Simulasi menunjukkan bahwa kendaraan listrik dengan spesifikasi tinggi tetap akan dikenakan nilai jual kendaraan yang signifikan, sehingga besaran PKB yang harus dibayarkan pemilik setiap tahunnya masih menjadi pertimbangan utama bagi calon pembeli di segmen mewah. Hal ini memicu diskusi mengenai perlunya standarisasi tarif pajak EV secara nasional guna menghindari ketimpangan harga antarwilayah.

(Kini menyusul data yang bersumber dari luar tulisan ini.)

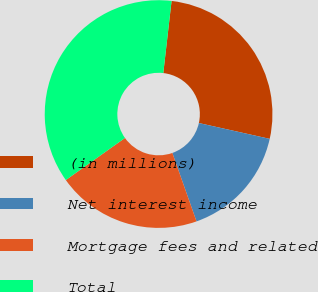Convert chart to OTSL. <chart><loc_0><loc_0><loc_500><loc_500><pie_chart><fcel>(in millions)<fcel>Net interest income<fcel>Mortgage fees and related<fcel>Total<nl><fcel>26.68%<fcel>16.1%<fcel>20.56%<fcel>36.66%<nl></chart> 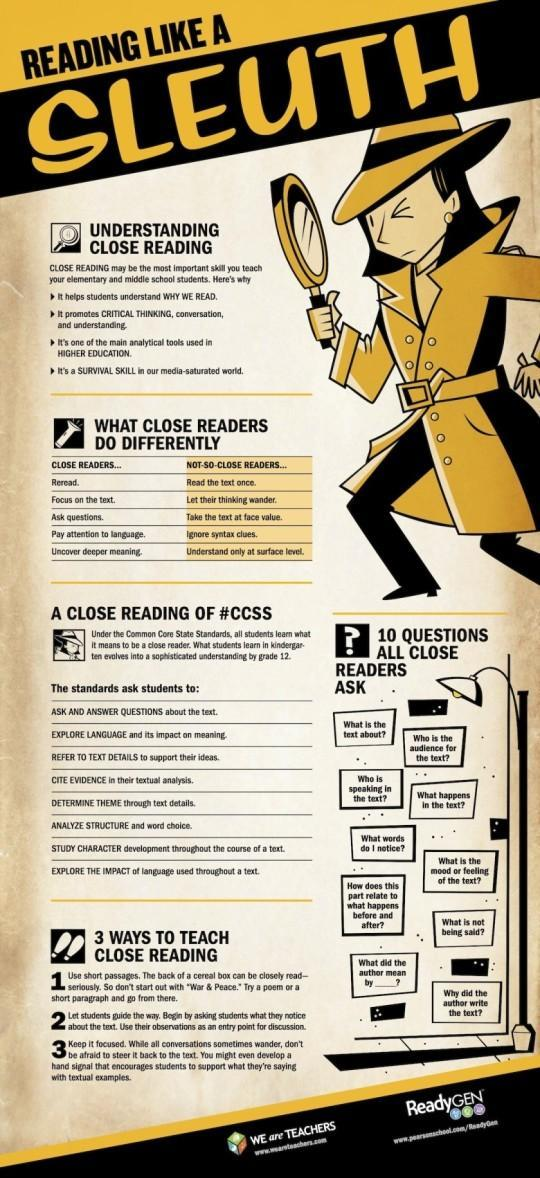who uncovers deeper meaning
Answer the question with a short phrase. close readers who asks what happens in the text close readers What promotes critical thinking Close reading how many benefits have been identified by close reading 4 Who ignores syntax clues not-so-close readers who pays attention to language close readers who let their thinking wander not-so-close readers what is the colour of the pant of the sleuth, black or yellow black 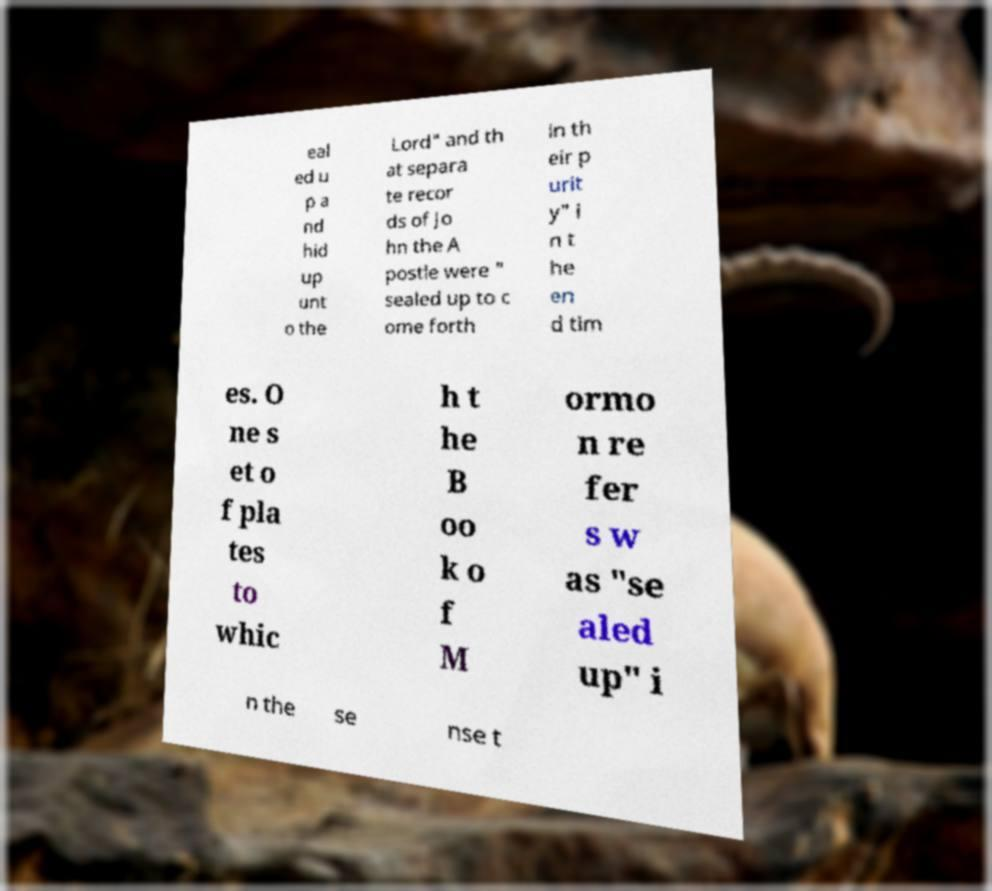Can you accurately transcribe the text from the provided image for me? eal ed u p a nd hid up unt o the Lord" and th at separa te recor ds of Jo hn the A postle were " sealed up to c ome forth in th eir p urit y" i n t he en d tim es. O ne s et o f pla tes to whic h t he B oo k o f M ormo n re fer s w as "se aled up" i n the se nse t 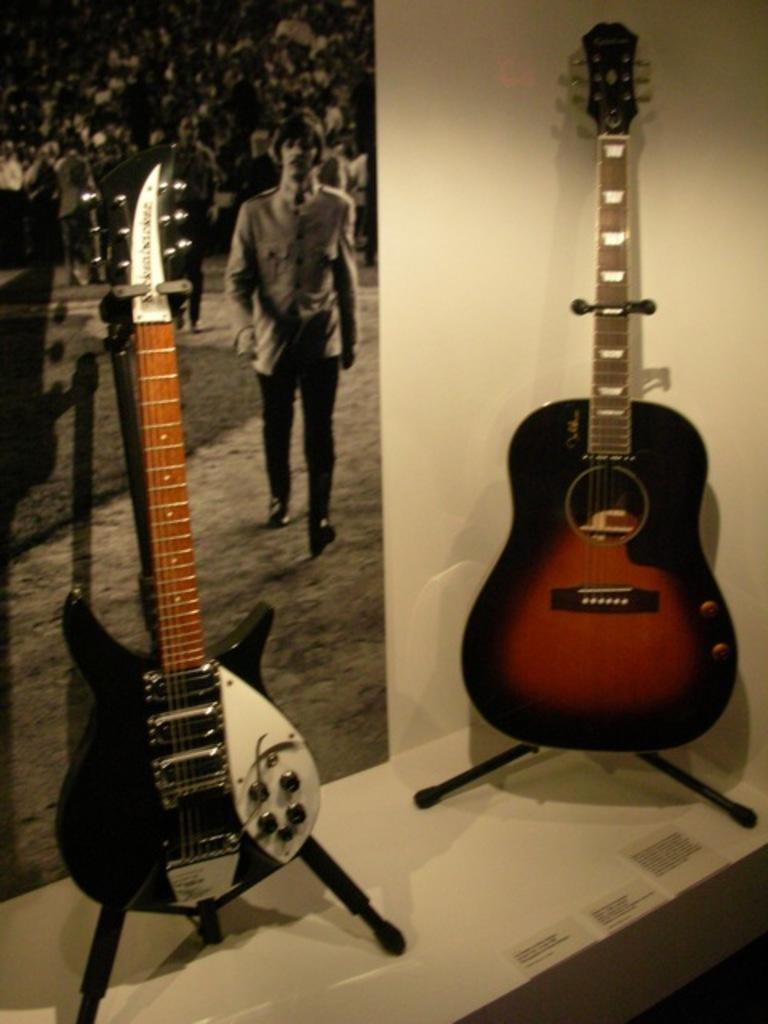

Sektor Industri: Kemitraan Hyundai dan TVS di Pasar Global

Di tengah perdebatan pajak domestik, sektor industri terus menunjukkan optimisme melalui ekspansi pasar internasional. Hyundai Motor Company resmi menjalin kemitraan strategis dengan TVS Motor Company untuk mendorong komersialisasi kendaraan listrik roda tiga di India. Sinergi ini mencakup pengembangan infrastruktur pengisian daya dan adaptasi teknologi baterai untuk kendaraan komersial ringan.

Laporan Antara Jabar menyebutkan bahwa kerja sama ini merupakan bagian dari strategi global para raksasa otomotif untuk menguasai pasar kendaraan listrik di negara berkembang dengan populasi tinggi. Keberhasilan kemitraan ini di India diharapkan dapat menjadi model bagi pengembangan ekosistem serupa di negara-negara Asia lainnya, termasuk Indonesia, dalam mendorong digitalisasi transportasi roda tiga yang lebih ramah lingkungan.

Menanti Titik Temu Kebijakan

Perbedaan arah kebijakan fiskal antara Jawa Barat dan Bali mencerminkan tantangan besar dalam harmonisasi regulasi kendaraan listrik di tingkat daerah. Masyarakat dan pelaku industri kini menanti adanya regulasi payung yang lebih konsisten dari pemerintah pusat agar transisi menuju era kendaraan listrik di Indonesia dapat berjalan tanpa hambatan birokrasi dan ketidakpastian biaya pajak di masa depan.